This work is the culmination of three months as Java Arts’ inaugural artist-in-residence. Spanning photography, video, sculpture, and installation, The Space Between Inside/Outside examines the areas between the playful and the reflective, performance and the real, proximity and distance.
In uniting these layers of her work, the artist ties these different elements together with aesthetic and conceptual threads of the ‘white cube’ and a red stool. As a counterpoint to the Western concept of the White Cube, the repeated use of the red stool, not only locates the artist within the individual works, but localizes the works themselves to their Cambodian context. Through her participatory approach and performances in public space, Anida seeks to circumvent what she perceives to be the limitations imposed by the confines of the traditional ‘white cube’ gallery space.

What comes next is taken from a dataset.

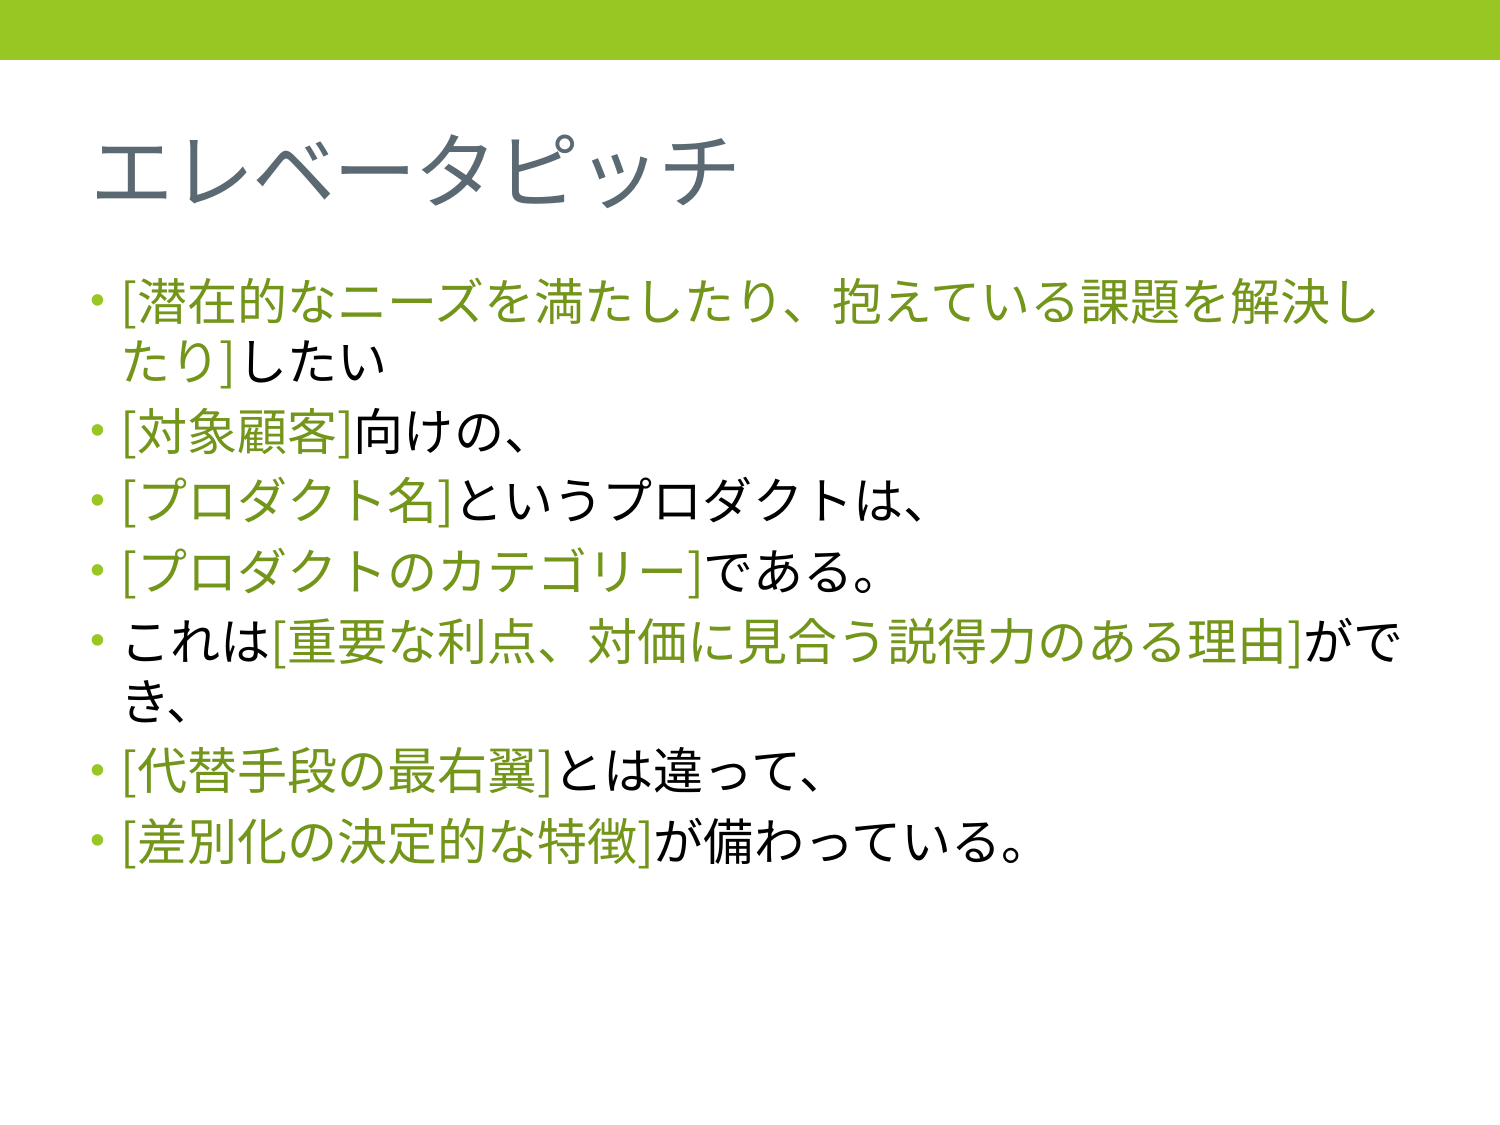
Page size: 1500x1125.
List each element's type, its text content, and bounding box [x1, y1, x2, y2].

title エレベータピッチ [75, 87, 1425, 250]
list [潜在的なニーズを満たしたり、抱えている課題を解決したり]したい [対象顧客]向けの、 [プロダクト名]というプロダクトは、 [プロダクトのカテゴリー]である。 これは[重要な利点、対価に見合う説得力のある理由]ができ、 [代替手段の最右翼]とは違って、 [差別化の決定的な特徴]が備わっている。 [75, 262, 1425, 1063]

Taking this as a visual motif, she references the formal art institution across this body of work.
For Enter the Studio, Enter the Frame, Anida demarcated an interactive studio with thick, black lines in her JavaArts residency space. In front of a camera, the artist invited people to interact by creating compositions with their bodies and a series of short red stools. The responses were varied, fluctuating from the intimate, serious, to the jovial. These images have been reconfigured in parallel to those of the ’white cube’ in the interactive installation ‘View from Here’ which poses the provocation to come view and to be viewed.
Anida narrates and gives life to urban and rural locations, which previously evoked solitude. Playing with scale for dramatic effect, the exaggerated stool elevates the artist above the organic environments she inhabits. The masses of red textiles flowing from her body, interweaves between the foreground and background, connecting the panorama of people, spaces and moments. Through bodily movement and material, explosions of intense beauty arise amidst the contrasting backdrops of urban decay and dilapidation. The sculptural moment is enacted and captured as wind picks up the fabric, creating a billowing, graceful wave, injecting a temporary burst of red color into these spaces.
Situated somewhere between performance, event, and object, Anida’s practice explores personal and poetic ruminations on loss and life. These works merge and linger as measures of time and space; between here and there, inside and outside, between the past and what will pass.